Dataset excerpts:
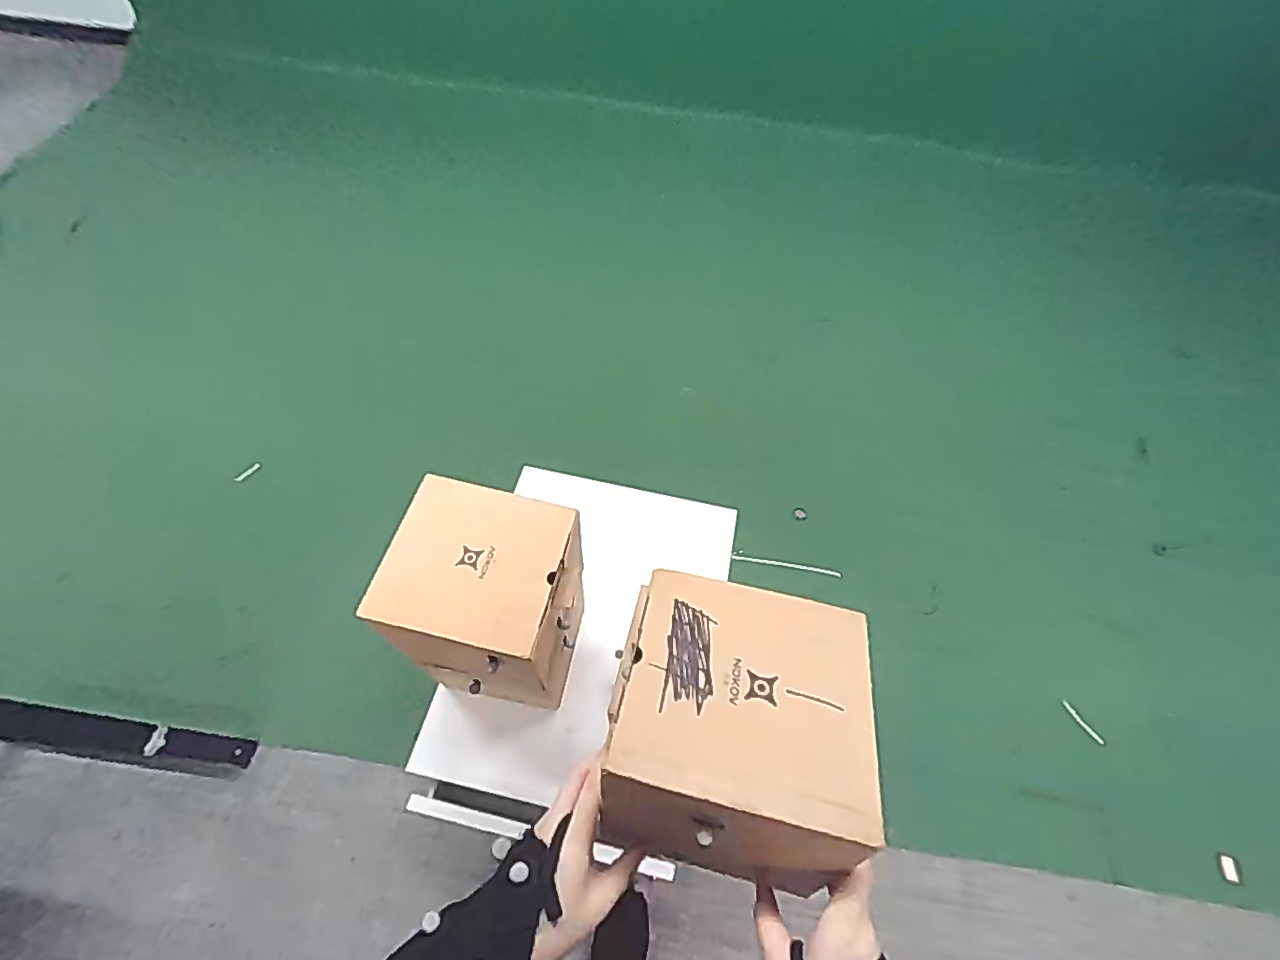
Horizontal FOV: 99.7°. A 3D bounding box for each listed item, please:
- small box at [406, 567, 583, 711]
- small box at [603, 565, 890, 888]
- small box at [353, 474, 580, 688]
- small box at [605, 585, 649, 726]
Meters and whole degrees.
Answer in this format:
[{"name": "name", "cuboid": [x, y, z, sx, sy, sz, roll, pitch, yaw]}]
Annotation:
[{"name": "small box", "cuboid": [-0.182, 0.206, 0.743, 0.179, 0.176, 0.168, 11, 58, 3]}, {"name": "small box", "cuboid": [0.073, 0.198, 0.434, 0.179, 0.176, 0.168, 13, 45, 6]}, {"name": "small box", "cuboid": [-0.173, 0.120, 0.605, 0.179, 0.176, 0.168, 13, 58, 2]}, {"name": "small box", "cuboid": [0.060, 0.263, 0.720, 0.179, 0.176, 0.168, 14, 60, 5]}]
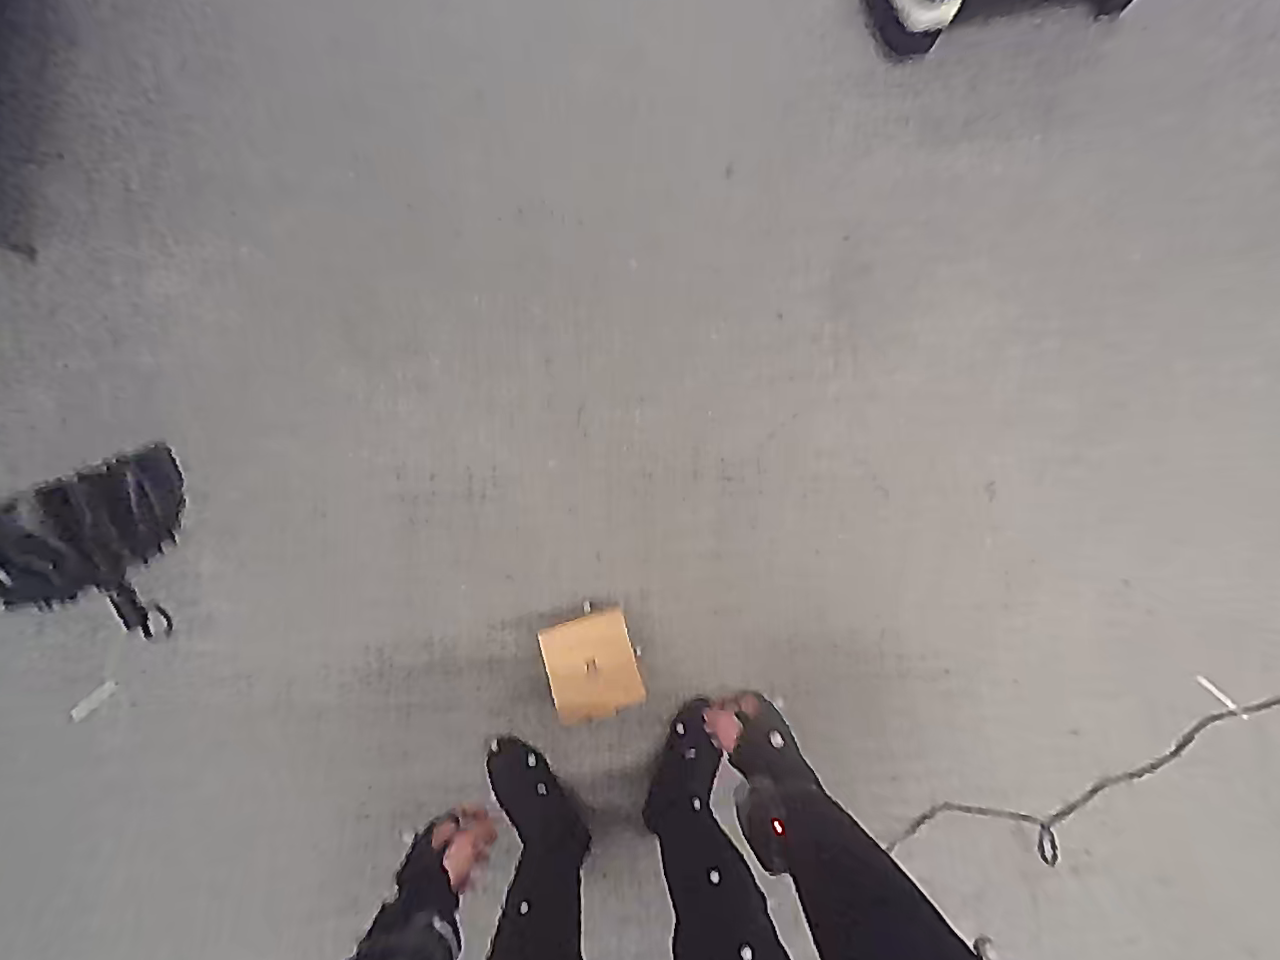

Description of the task:
Your copy of the listing should match it exactly, apart from the pictures, which are left out.

Response area:
Horizontal FOV: 99.7°. A 3D bounding box for each listed item, please:
- small box at [406, 567, 583, 711]
- small box at [603, 565, 890, 888]
- small box at [353, 474, 580, 688]
- small box at [605, 585, 649, 726]
Meters and whole degrees.
Answer in this format:
[{"name": "name", "cuboid": [x, y, z, sx, sy, sz, roll, pitch, yaw]}]
Annotation:
[{"name": "small box", "cuboid": [-0.182, 0.206, 0.743, 0.179, 0.176, 0.168, 11, 58, 3]}, {"name": "small box", "cuboid": [0.073, 0.198, 0.434, 0.179, 0.176, 0.168, 13, 45, 6]}, {"name": "small box", "cuboid": [-0.173, 0.120, 0.605, 0.179, 0.176, 0.168, 13, 58, 2]}, {"name": "small box", "cuboid": [0.060, 0.263, 0.720, 0.179, 0.176, 0.168, 14, 60, 5]}]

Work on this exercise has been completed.